II
Un recuerdo (1893)
de Dimitrios Vikelas
traducción de Antonio Rubió y Lluch
III
IV

CUANDO el buque salió del puerto y el fresco de la brisa del mar comenzó á hacerse más sensible, la vieja criada con cariñoso cuidado echó encima de los pies y de las espaldas de la joven recostada algunos abrigos. El tiempo era magnífico, aun cuando por la parte de poniente el horizonte ennegrecido anunciaba que aquella calma no continuaría; pero la amenaza que aquellas nubes ocultaban era lejana todavía, y el vapor rasgaba un mar sin olas, rizado apenas por el soplo de una ligera brisa. Sólo las dos ruedas, turbando la calma de las aguas, señalaban detrás de nosotros la superficie del mar con una doble línea de espumas escalonadas.

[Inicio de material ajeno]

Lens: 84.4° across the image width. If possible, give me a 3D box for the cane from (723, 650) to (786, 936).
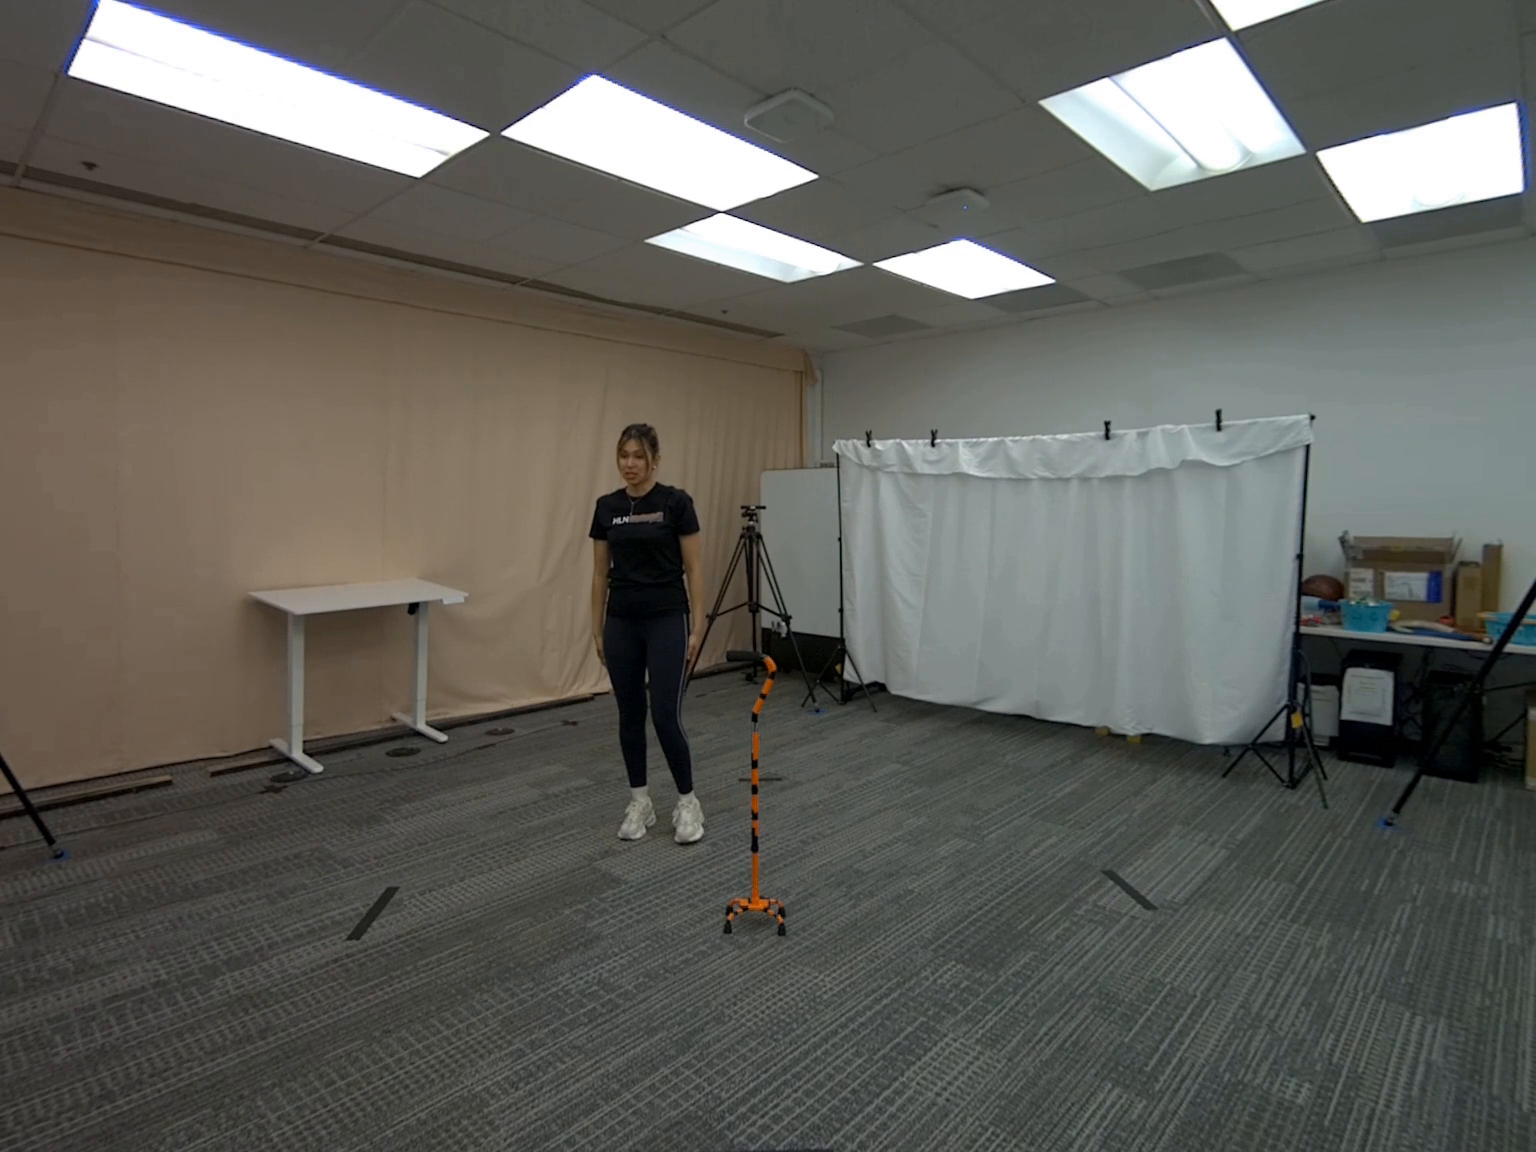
[{"bbox_3d":[-0.041,0.710,2.782,0.207,0.906,0.151,0,3,2],"label":"cane"}]

¡Oh! y como hubiera deseado acercarme á la paciente, dirigirle algunas pocas frases de simpatía, extender el abrigo hasta el extremo del piececito, que, desde lejos veía descubierto, sostener su almohada cuando volvía la cabeza hacia la tierra que se alejaba para contemplar el cráter del volcan coronado de humo! El taburete en que acababa de sentarse el médico estaba vacío junto á ella, pero no me atrevía á acercarme.

El tiempo transcurría lentamente, el sol se acercaba á su ocaso v el aire por momentos iba refrescando. La criada se levantó, se inclinó hacia la joven y le murmuró al oído algunas palabras con aire de humilde ternura. La enferma volvió hacia ella lentamente su mirada. No dijo una sola palabra, pero la expresión de sus ojos parecía decir: «¡Déjame aquí: quiero ver todavía el mar, el cielo y el sol poniente!» El padre tomó afectuosamente su mano entre las suyas y le habló con acentos suaves que tenían tono de súplica.

Entonces la joven se levantó penosamente, haciendo un esfuerzo, sin poder moverse por sí sola. La sostuvieron por ambos lados el viejo y la criada ayudaron sus pasos vacilantes sobre el puente.

Mientras se levantaba, uno de sus guantes cayó inadvertidamente de los pliegues de su vestido. Me incliné, lo recogí y adelantándome se lo di á la sirvienta. La enferma me vió é inclinando graciosamente la cabeza, con dulce sonrisa en sus descoloridos labios, me dió las gracias en italiano y empezó de nuevo á toser. Me retiré conmovido.

La fatiga que le produjeron aquellos pocos pasos, suspendida casi del brazo de su padre, su tos seca y sorda manifestaban todavía más que su palidez el grado de su debilidad. La enfermedad estaba adelantada, mu y adelantada. En vano su desgraciado padre la había llevado desde su país del Norte para recobrar la salud bajo el sol del medio día; la vida dejaba gradualmente aquel gracioso cuerpo. ¿Mas por qué dejaban Nápoles para dirigirse de nuevo al Norte? ¡Tal vez el viejo, perdida toda esperanza, quería devolver su hija, viva todavía, á los brazos de una madre que la aguardaba con angustia en su lejano hogar, ó deseaba quizás verla morir allí donde su madre había muerto y enterrarla cerca de su esposa, en la misma tumba en que él quería descansar!